Конечно, ее устроило. Вскоре я опять оказался женат. Сегодня я имею ровно столько секса, сколько хочу. Сексуальный озноб в моем возрасте уже давно в прошлом. Но, как и прежде, я думаю о девушках постоянно. Жена-профессионал может снять сексуальное напряжение. Иногда я говорю ей:

— Сделай-ка мне, пожалуйста…

Она никогда не спорит. Опускает глаза и делает мне все что положено. Это ее работа. Люди живут ради других… ради жен, ради детей, ради кого-то еще… я живу только для себя. И не собираюсь ничего менять. Зачем мне жить ради сына, если между нами нет ничего общего? Этот 22-летний маргинал приходит ко мне только за деньгами — зачем я стану тратить на него свое время?

Меня полностью устраивает эта жизнь. Мне проще умереть, чем остановиться. Я хочу вести ту же самую жизнь, к которой привык за последние пятьдесят лет. Я хочу, чтобы было много двадцатилетних девочек, хочу ездить в красивые места, чтобы жизнь была бесконечным удовольствием.

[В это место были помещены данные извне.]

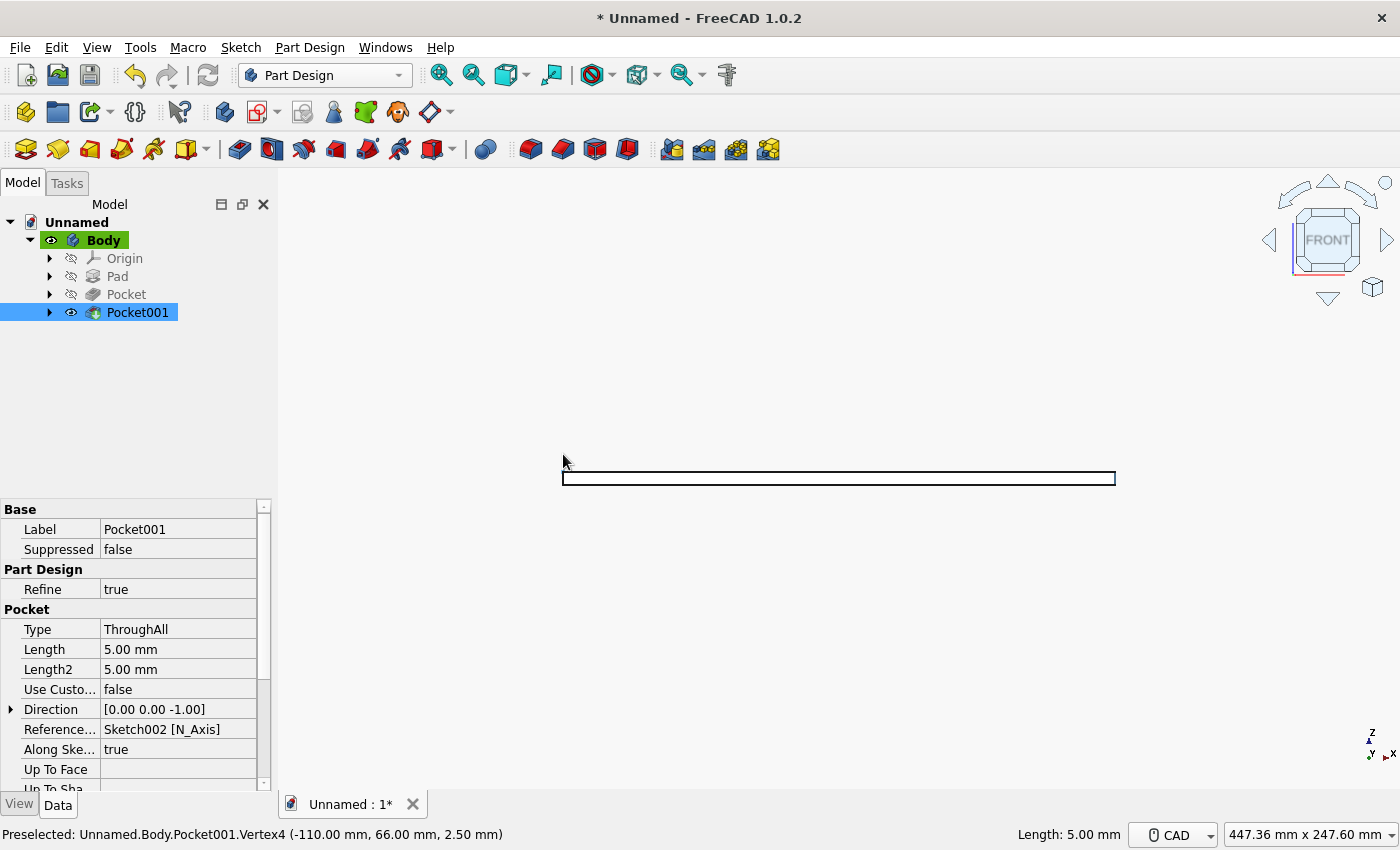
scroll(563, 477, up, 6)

Я своими руками добился всего, чего хотел. Когда-то молоденьким фарцовщиком я бегал по Невскому, а теперь на Невском у меня есть собственный салон. Когда-то вдвоем с мамой я жил в крошечной комнатенке. Квартира, в которой я живу теперь, расположена в двух шагах от Дворцовой площади. Раньше в ней жил «красный Наполеон» — сталинский маршал Тухачевский, а теперь в ней живу я и моя жена.

Кроме денег, сегодня мне ничего не нужно. Все остальное у меня есть. К шестидесяти двум годам я наконец отточил эту систему: в моей жизни все работает как механизм. Это вечный двигатель.

Вернее, не совсем вечный…

Иногда мне все-таки немного грустно, что не за горами момент, когда жена огребет такой здоровенный джекпот.